───── Information given ─────

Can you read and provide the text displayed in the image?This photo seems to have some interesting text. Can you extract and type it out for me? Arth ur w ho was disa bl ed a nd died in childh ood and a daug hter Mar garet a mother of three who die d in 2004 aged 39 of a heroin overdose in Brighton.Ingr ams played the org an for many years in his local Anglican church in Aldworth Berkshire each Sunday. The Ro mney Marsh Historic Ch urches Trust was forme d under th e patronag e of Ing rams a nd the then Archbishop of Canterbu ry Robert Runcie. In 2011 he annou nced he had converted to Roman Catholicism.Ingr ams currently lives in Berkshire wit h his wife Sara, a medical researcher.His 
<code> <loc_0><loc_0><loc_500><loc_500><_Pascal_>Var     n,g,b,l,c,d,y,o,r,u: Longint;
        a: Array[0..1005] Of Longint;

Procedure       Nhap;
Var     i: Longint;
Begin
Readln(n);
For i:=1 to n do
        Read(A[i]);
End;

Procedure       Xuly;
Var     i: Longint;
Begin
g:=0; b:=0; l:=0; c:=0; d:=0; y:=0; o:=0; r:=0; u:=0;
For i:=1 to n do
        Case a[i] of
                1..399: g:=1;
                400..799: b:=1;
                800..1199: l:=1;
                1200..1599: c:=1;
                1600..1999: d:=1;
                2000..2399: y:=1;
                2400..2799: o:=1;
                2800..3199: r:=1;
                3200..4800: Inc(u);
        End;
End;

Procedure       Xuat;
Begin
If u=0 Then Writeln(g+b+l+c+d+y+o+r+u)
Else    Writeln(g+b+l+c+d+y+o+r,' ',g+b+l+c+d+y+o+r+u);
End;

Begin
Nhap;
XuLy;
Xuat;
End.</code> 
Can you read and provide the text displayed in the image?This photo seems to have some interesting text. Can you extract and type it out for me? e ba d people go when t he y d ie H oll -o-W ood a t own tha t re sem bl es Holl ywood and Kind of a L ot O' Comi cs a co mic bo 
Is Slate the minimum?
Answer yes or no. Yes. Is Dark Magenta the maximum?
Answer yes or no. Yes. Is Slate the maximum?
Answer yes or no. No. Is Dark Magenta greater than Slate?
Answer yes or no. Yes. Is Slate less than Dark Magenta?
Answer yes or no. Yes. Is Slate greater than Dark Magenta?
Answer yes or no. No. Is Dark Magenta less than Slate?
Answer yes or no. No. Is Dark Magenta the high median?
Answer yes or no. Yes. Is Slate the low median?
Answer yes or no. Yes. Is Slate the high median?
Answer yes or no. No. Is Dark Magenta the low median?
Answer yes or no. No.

─────

Exercise brief
Would you restate the material word for word, leaving nothing out?

Written solution
Can you read and provide the text displayed in the image?This photo seems to have some interesting text. Can you extract and type it out for me? Arth ur w ho was disa bl ed a nd died in childh ood and a daug hter Mar garet a mother of three who die d in 2004 aged 39 of a heroin overdose in Brighton.Ingr ams played the org an for many years in his local Anglican church in Aldworth Berkshire each Sunday. The Ro mney Marsh Historic Ch urches Trust was forme d under th e patronag e of Ing rams a nd the then Archbishop of Canterbu ry Robert Runcie. In 2011 he annou nced he had converted to Roman Catholicism.Ingr ams currently lives in Berkshire wit h his wife Sara, a medical researcher.His 
<code> <loc_0><loc_0><loc_500><loc_500><_Pascal_>Var     n,g,b,l,c,d,y,o,r,u: Longint;
        a: Array[0..1005] Of Longint;

Procedure       Nhap;
Var     i: Longint;
Begin
Readln(n);
For i:=1 to n do
        Read(A[i]);
End;

Procedure       Xuly;
Var     i: Longint;
Begin
g:=0; b:=0; l:=0; c:=0; d:=0; y:=0; o:=0; r:=0; u:=0;
For i:=1 to n do
        Case a[i] of
                1..399: g:=1;
                400..799: b:=1;
                800..1199: l:=1;
                1200..1599: c:=1;
                1600..1999: d:=1;
                2000..2399: y:=1;
                2400..2799: o:=1;
                2800..3199: r:=1;
                3200..4800: Inc(u);
        End;
End;

Procedure       Xuat;
Begin
If u=0 Then Writeln(g+b+l+c+d+y+o+r+u)
Else    Writeln(g+b+l+c+d+y+o+r,' ',g+b+l+c+d+y+o+r+u);
End;

Begin
Nhap;
XuLy;
Xuat;
End.</code> 
Can you read and provide the text displayed in the image?This photo seems to have some interesting text. Can you extract and type it out for me? e ba d people go when t he y d ie H oll -o-W ood a t own tha t re sem bl es Holl ywood and Kind of a L ot O' Comi cs a co mic bo 
Is Slate the minimum?
Answer yes or no. Yes. Is Dark Magenta the maximum?
Answer yes or no. Yes. Is Slate the maximum?
Answer yes or no. No. Is Dark Magenta greater than Slate?
Answer yes or no. Yes. Is Slate less than Dark Magenta?
Answer yes or no. Yes. Is Slate greater than Dark Magenta?
Answer yes or no. No. Is Dark Magenta less than Slate?
Answer yes or no. No. Is Dark Magenta the high median?
Answer yes or no. Yes. Is Slate the low median?
Answer yes or no. Yes. Is Slate the high median?
Answer yes or no. No. Is Dark Magenta the low median?
Answer yes or no. No.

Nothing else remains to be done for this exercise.